> [Given entries]:
■ ■ ■ ■
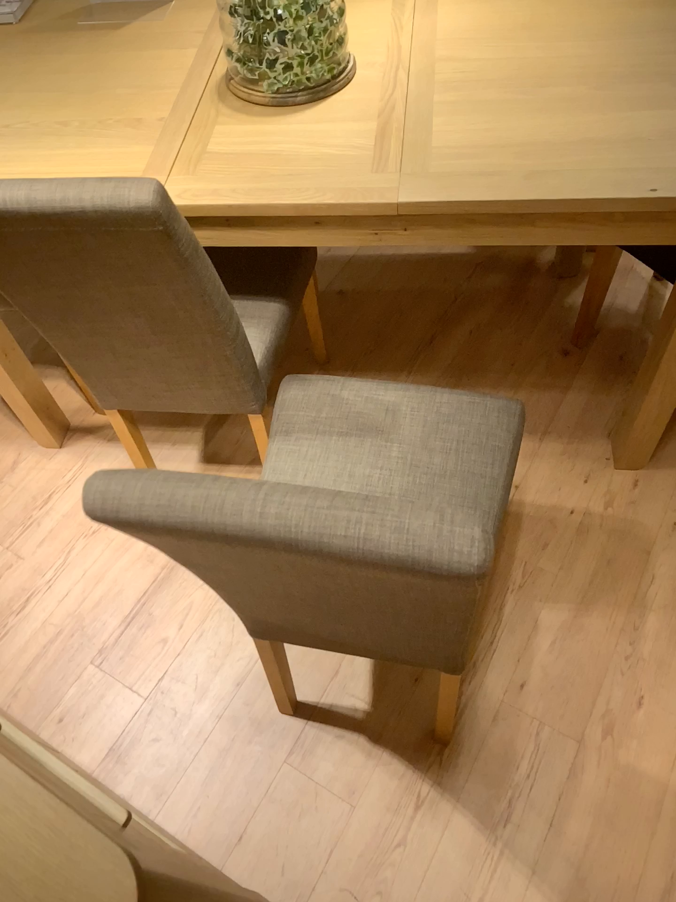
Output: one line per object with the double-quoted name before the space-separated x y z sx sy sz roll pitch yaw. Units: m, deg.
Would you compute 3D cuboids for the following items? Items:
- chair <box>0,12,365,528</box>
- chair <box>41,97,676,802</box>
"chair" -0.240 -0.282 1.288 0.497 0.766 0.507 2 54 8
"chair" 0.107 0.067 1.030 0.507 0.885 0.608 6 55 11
■ ■ ■ ■
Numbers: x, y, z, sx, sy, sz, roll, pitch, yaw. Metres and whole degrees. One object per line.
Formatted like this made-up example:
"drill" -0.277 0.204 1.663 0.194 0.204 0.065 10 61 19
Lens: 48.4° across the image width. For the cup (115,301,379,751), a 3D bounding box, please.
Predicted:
■ ■ ■ ■
> [Task to carry out]:
Each line in the listing where the word "pitch" is found is to be copied.

> [Result of the task]:
Output: one line per object with the double-quoted name before the space-separated x y z sx sy sz roll pitch yaw. Units: m, deg.
Numbers: x, y, z, sx, sy, sz, roll, pitch, yaw. Metres and whole degrees. One object per line.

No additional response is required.